Un siglo que termina como empezó: con el signo de la violencia. De nuevo un ataque militar, y de nuevo la muerte y sus heridas, el dolor y sus recuerdos, el odio y su memoria. Es difícil admitir que la violencia sea un camino que conduzca a la paz. Tanto, o quizás más, como lo es aceptar que Irak sea una nación que ponga en riesgo la seguridad nacional de Estados Unidos o de la Gran Bretaña.
Por la vía armada sólo se consigue la sumisión, la derrota del ``adversario'', que ni por mucho garantiza la paz, la seguridad colectiva; por el contrario, multiplica rencores y exacerba enconos, anticipa, motiva y prolonga la guerra. Abona a favor de próximos enfrentamientos.
Oportuno para el momento: los musulmanes repiten que se debe cuidar de elegir bien a nuestro enemigo porque, con el tiempo, en él nos hemos de convertir. ¿A quién ataca la fuerza binacional angloamericana? ¿Contra quién combate? ¿Para qué los muertos?

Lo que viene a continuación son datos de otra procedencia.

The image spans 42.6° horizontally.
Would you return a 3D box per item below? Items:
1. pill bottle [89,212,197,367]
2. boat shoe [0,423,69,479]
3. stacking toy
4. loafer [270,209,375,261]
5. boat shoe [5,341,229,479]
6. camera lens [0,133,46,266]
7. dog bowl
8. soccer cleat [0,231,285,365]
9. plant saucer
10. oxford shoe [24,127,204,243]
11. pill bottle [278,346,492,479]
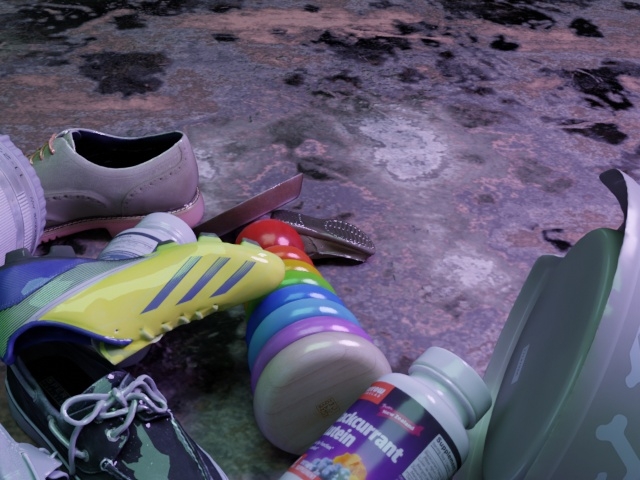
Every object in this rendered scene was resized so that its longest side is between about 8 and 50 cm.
[{"bbox_3d":[-0.211,0.049,0.944,0.107,0.108,0.180,11,36,10],"label":"pill bottle"},{"bbox_3d":[-0.262,0.228,0.725,0.081,0.079,0.227,-13,44,-33],"label":"boat shoe"},{"bbox_3d":[-0.037,0.080,0.915,0.141,0.141,0.330,-7,30,-15],"label":"stacking toy"},{"bbox_3d":[0.000,0.000,1.086,0.148,0.050,0.056,17,29,-8],"label":"loafer"},{"bbox_3d":[-0.196,0.171,0.776,0.113,0.105,0.306,-27,46,-36],"label":"boat shoe"},{"bbox_3d":[-0.439,-0.005,0.862,0.219,0.220,0.274,7,19,4],"label":"camera lens"},{"bbox_3d":[0.225,0.116,0.709,0.102,0.349,0.349,24,38,5],"label":"dog bowl"},{"bbox_3d":[-0.172,0.064,0.801,0.289,0.093,0.121,-4,62,-17],"label":"soccer cleat"},{"bbox_3d":[-0.093,-0.040,1.080,0.168,0.029,0.168,-27,5,3],"label":"plant saucer"},{"bbox_3d":[-0.357,-0.084,1.080,0.396,0.147,0.140,-6,39,-10],"label":"oxford shoe"},{"bbox_3d":[0.063,0.188,0.732,0.108,0.108,0.193,32,62,34],"label":"pill bottle"}]

Quizás el enemigo no está afuera y quizás tampoco la legitimidad perdida que se busca recuperar.
Aunque conserva un arsenal considerable, hoy Irak ha dejado de ser un riesgo para el mundo, y particularmente para Estados Unidos, a miles de millas de distancia de esa región. O quizás lo es con la misma intensidad que lo son aquellas naciones --como India-- que han desarrollado la energía nuclear con fines bélicos. Por ello, el ataque no justifica sus objetivos: impedir que Sadam Hussein restablezca su capacidad de producir armas biológicas, químicas o nucleares; frenar las amenazas a los estados vecinos y evitar que se perturbe la estabilidad en la región estratégica de Medio Oriente.
Permanente amenaza de guerra, la disputa por el Golfo Pérsico tiene una historia de más de un siglo, desde la dominación inglesa a partir de 1870 hasta el ataque multinacional de hace ocho años. Historia sin fin, golfo donde gobierna la tensión, esa región guarda 30 por ciento de las reservas mundiales de petróleo. Nadie cede y los muertos y el dolor aumentan no sólo en tiempos de guerra, sino de ``paz''. Una paz que huele a pólvora.
Para la población iraquí, la guerra que empezó hace ocho años aún no termina porque el embargo económico estadunidense no ha sido sino otra forma de la guerra: muerte por asfixia, por inanición, una agonía continuada. Como consecuencia ya han muerto 70 mil personas, entre ellas 20 mil niños (aunados a los 135 mil civiles iraquíes, 60 por ciento niños y 150 mil soldados que murieron en la Tormenta del Desierto y casi 50 de esta última operación militar), la mitad de las mujeres en Irak cubre sólo 50 por ciento de sus necesidades básicas; casi 25 por ciento de los niños nacen con un peso inferior a 2.5 kilogramos (antes de la guerra era sólo 4.5 por ciento).
Oscar Wilde escribió: ``Con frecuencia se dice que la fuerza no es argumento. Eso depende totalmente de lo que uno quiera probar''. Exacto: la fuerza no es un argumento; es una demostración de sí misma. La democracia nos ha enseñado que la legitimidad se conquista con argumentos y acciones de gobierno, que la violencia ilegítima poco ayuda. Ninguna muerte otorga la legitimidad, la aceptación del pueblo, que el ejercicio de gobierno no consigue.
Acérrimos enemigos, a los presidentes Clinton y Hussein quizá los una el daño que ambos le provocan al pueblo iraquí, que, finalmente, no es sino el que padece y sufre los ataques estadunidenses y la dictadura de Sadam Hussein.
El siglo ha sido una extensa lección de barbarie. Todavía hoy, por cada dólar que la ONU destina a sus misiones de paz, las naciones del mundo invierten dos mil dólares en materiales y equipos de guerra.
No podemos cambiar lo sucedido en este siglo: guerras, exterminio bajo criterios raciales, desarrollo de una industria de la destrucción, etcétera; estamos obligados, en cambio, a que no se repita. No supimos cómo evitarlo; aprendamos a prevenirlo.